• May 29th 2008, 05:49 PM
jasmine7
I really need help....
Could anyone explain how to do the problem because my math teacher didn't even explain how to do this kind of problem at school.

The Computer Club is going on a field trip to a computer museum. The trip costs $240, to be paid for equally by each club member. The day before the trip, however, four students decide not to go. This increases the cost of the trip by$2 for each remaining student. How many students are going to the computer museum?
• May 29th 2008, 07:40 PM
TheEmptySet
Quote:

Originally Posted by jasmine7
I really need help....
Could anyone explain how to do the problem because my math teacher didn't even explain how to do this kind of problem at school.

The Computer Club is going on a field trip to a computer museum. The trip costs $240, to be paid for equally by each club member. The day before the trip, however, four students decide not to go. This increases the cost of the trip by$2 for each remaining student. How many students are going to the computer museum?

Let S be the number of students going on the trip, and let C be the cost per student.

So then we can get one equation

$S\cdot C=240$

Now we can use the rest of the info to write another equation

we know that four less students are going so thats S-4 and that it will cost two dollars more per student C+2 and this still needs to equal the cost of the trip.
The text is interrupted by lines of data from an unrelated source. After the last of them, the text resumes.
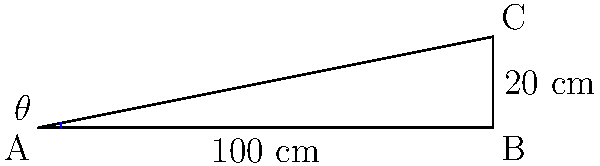In designing an efficient bottling line conveyor belt, you need to determine the optimal angle of inclination. Given a horizontal distance of 100 cm and a vertical rise of 20 cm, what is the angle of inclination $\theta$ in degrees, rounded to the nearest tenth? To find the angle of inclination $\theta$, we can use the trigonometric function tangent. Here's how:

1) In a right triangle, $\tan(\theta) = \frac{\text{opposite}}{\text{adjacent}}$

2) In this case:
   - The opposite side (vertical rise) is 20 cm
   - The adjacent side (horizontal distance) is 100 cm

3) Therefore:
   $\tan(\theta) = \frac{20}{100} = 0.2$

4) To find $\theta$, we need to use the inverse tangent (arctan or $\tan^{-1}$):
   $\theta = \tan^{-1}(0.2)$

5) Using a calculator or computer:
   $\theta \approx 11.3099325$ degrees

6) Rounding to the nearest tenth:
   $\theta \approx 11.3$ degrees

This angle provides an efficient incline for the bottling line conveyor belt, balancing the need for vertical movement with a manageable slope for bottle stability.
Answer: $11.3^\circ$

So we get

$(S-4)(C+2)=240 \iff SC +2S-4C-8=240$

Now we can isolate a variable from the first equation to get

$S=\frac{240}{C}$ and sub this into the 2nd equationt to get

$\frac{240}{C}\cdot C +2\cdot \frac{240}{C}-4C-8=240$

Reducing gives

$240 + \frac{480}{C}-4C=248$

Now multiply the equation by C to clear the fractions and get

$240C+480-4C^2=248C \iff 0=4C^2+8C-480$

$0=4[C^2+2C-120] \iff 0=4(C-10)(C+12)$

So C is 10 or -12 Since the cost shouldn't be negative. I wish someone would pay me to go to a museum :D C is 10. Plugging back into the first equation we get S=24.

I hope this helps. Good luck.

(Rock)